In 1990, former president George Bush, Sr. signed the Americans with Disabilities Act (ADA). This monumental piece of legislation provided even more access and equality for people with IDD. The ADA makes unlawful discrimination that is based on “(a) a physical or mental impairment that substantially limits one or more of the major life activities; (b) a record of such an impairment; or (c) being regarded as having such an impairment.” This ensures that people with disabilities are no longer pushed to the margins of society, and are given the same rights as all U.S. citizens should have. Equality was finally written into law and gave people with IDD the same equal rights as all US citizens.
Present Day
We have come a long way to ensure that people with IDD are given the same dignity, rights, and respect deserving of all people. Considering the past 100 years, people with IDD are no longer shuttered away in institutions, cast to the margins of society, and euthanized. Today, they have lawful rights to education, access, and public benefits to assist them in living independently. We celebrate this progress, and still, we still have room to grow. The IDEA lacks funding, which impacts the ability of schools and teachers to support people with IDD. According to a survey from National Public Radio, 82% of special educators across the nation report there are not enough professionals to meet the needs of students with disabilities. Additionally, roughly 11% of special education teachers do not meet the required standards.

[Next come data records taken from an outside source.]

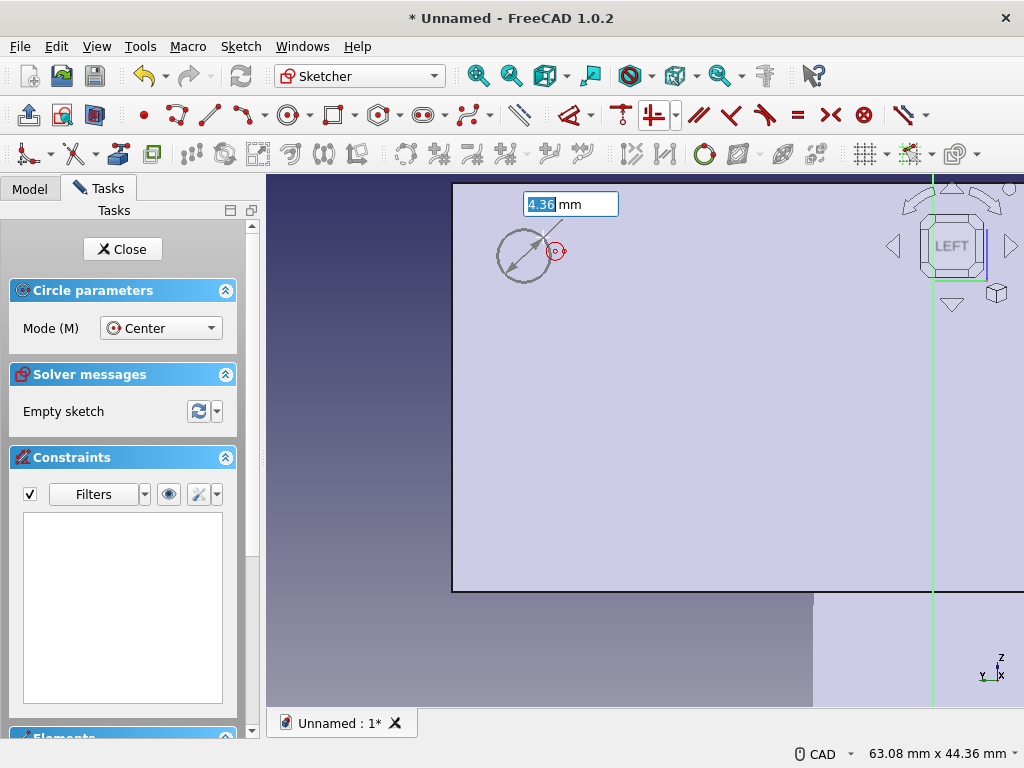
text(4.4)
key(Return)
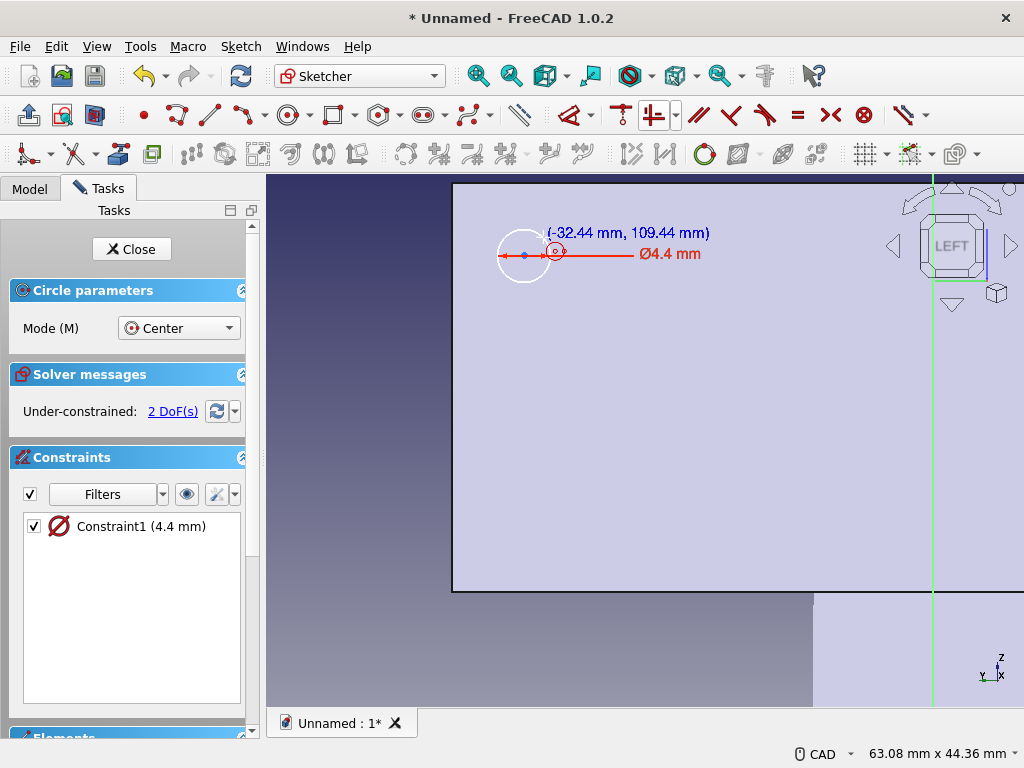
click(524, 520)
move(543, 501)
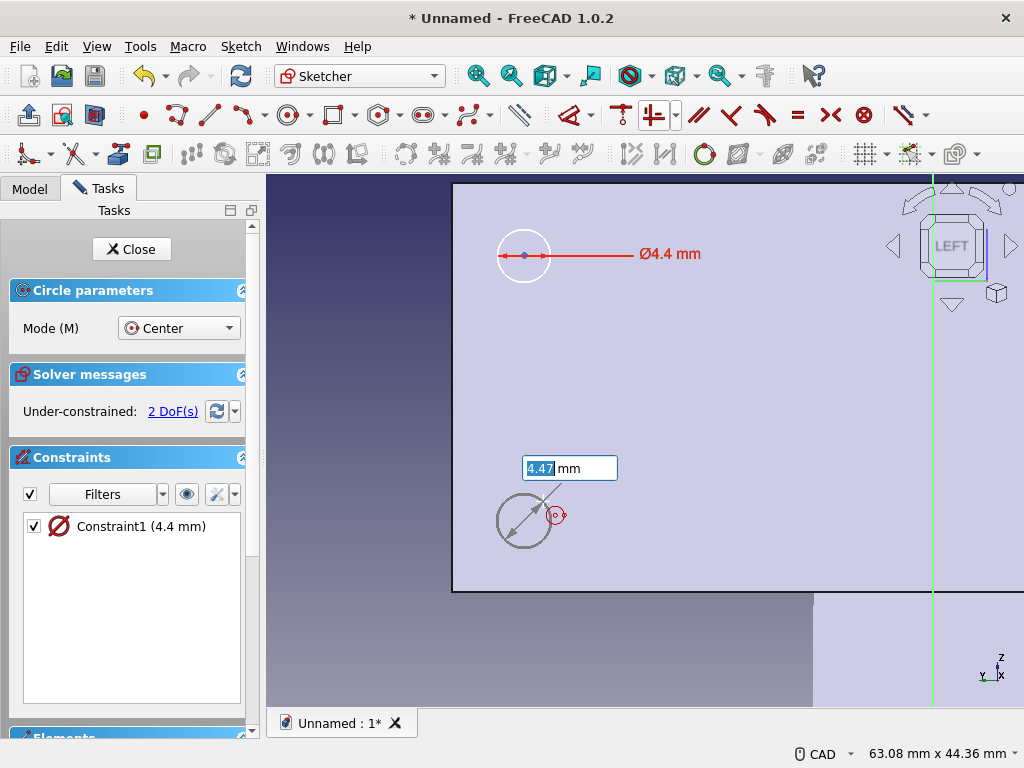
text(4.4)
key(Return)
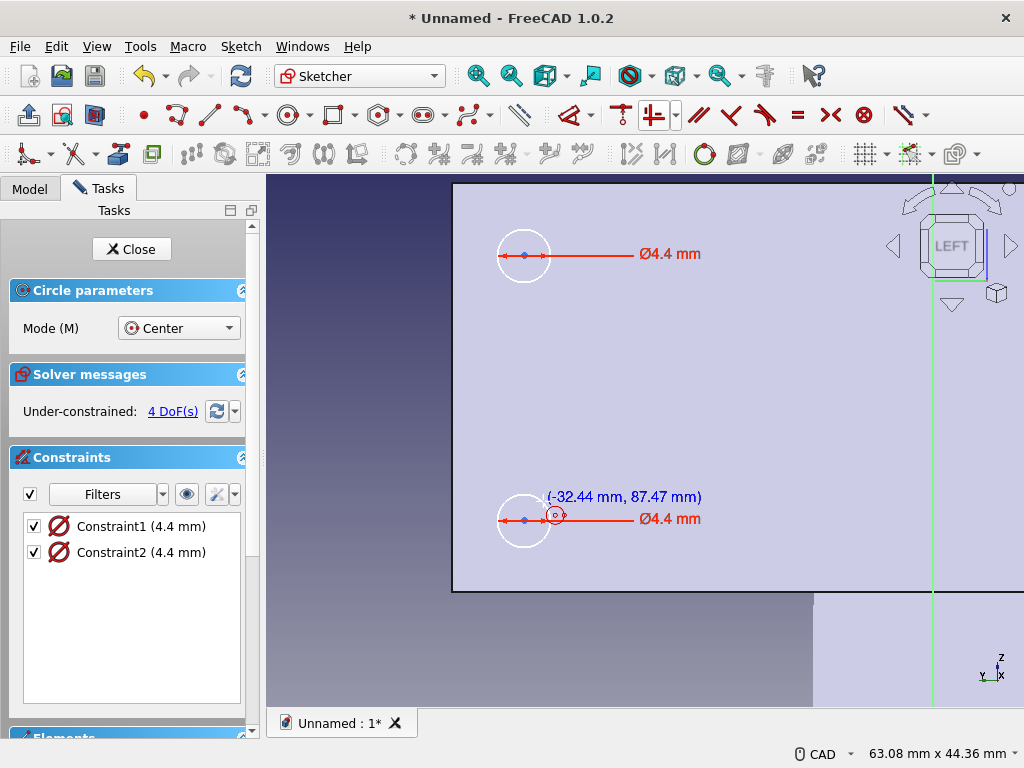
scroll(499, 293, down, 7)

The transition from childhood to adulthood can be extremely difficult for people with IDD. Those up to 21 years of age are legally entitled to public education, while those who are 22 and older have ‘aged out’ of the school system. There is a tremendous lack of resources for transition services such as in-school preparatory programs, career services, and work-based learning experiences. This leads to high rates of poverty and unemployment for people with IDD. The 2018 National Core Indicators survey found only 20% of working-age adults supported by state IDD agencies were employed in a paid job in the community, and most of them worked limited hours with very low wages.

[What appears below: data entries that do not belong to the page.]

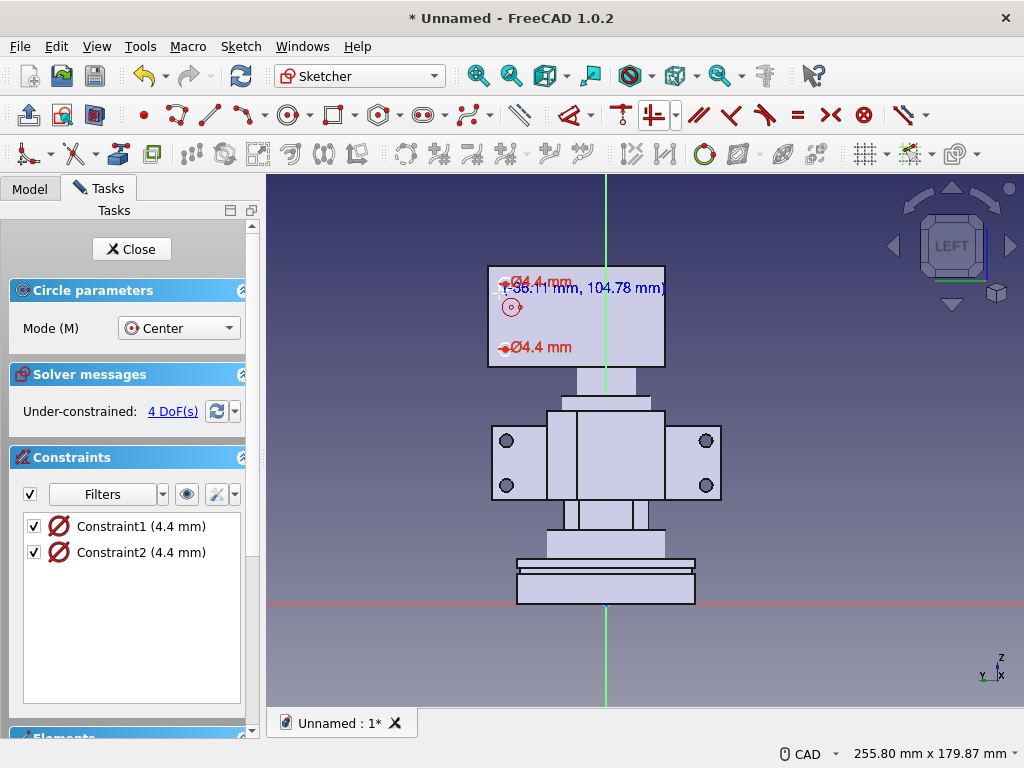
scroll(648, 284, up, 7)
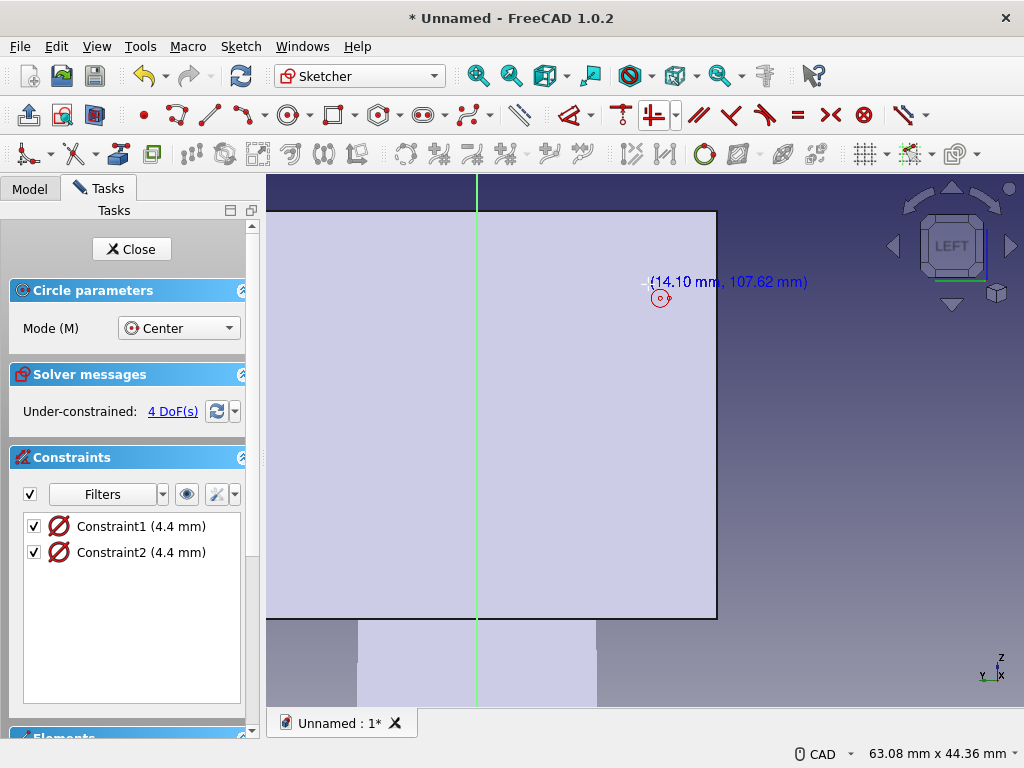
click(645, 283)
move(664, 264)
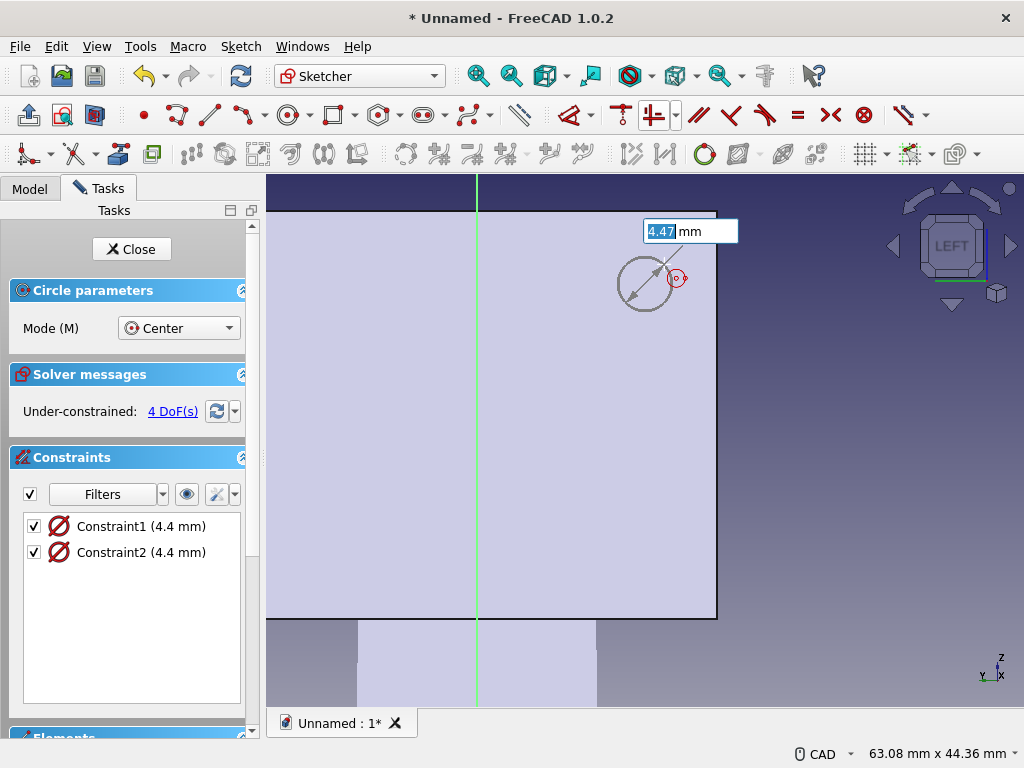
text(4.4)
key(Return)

Hand-in-hand with the issue of poverty is a housing crisis. Approximately 4.8 million non-institutionalized people with disabilities who rely on federal monthly Supplemental Security Income (SSI) have incomes averaging only about $9,156 per year – low enough to be priced out of every rental housing market in the nation. As affordable housing grows as an issue that is facing more than just people with IDD, people with IDD are made even more vulnerable.
Other current issues people with IDD are facing are a shortage of physicians with skills and adequate training to care for individuals with intellectual and developmental disabilities, resulting in care focused on a particular disability rather than whole-person care. There is a lack of trained and culturally sensitive support staff in healthcare facilities, and there is a scarcity of medical practices willing or prepared to take the time to properly care for patients with intellectual and developmental disabilities.
These are just a few of the present-day issues that we are working to resolve. Advocacy and education are essential to creating further policy and awareness to shift the social tide and make issues facing people with IDD a priority. CPWD is committed to supporting people with disabilities as part of our mission to provide resources, information, and advocacy to assist people with disabilities in overcoming barriers to independent living.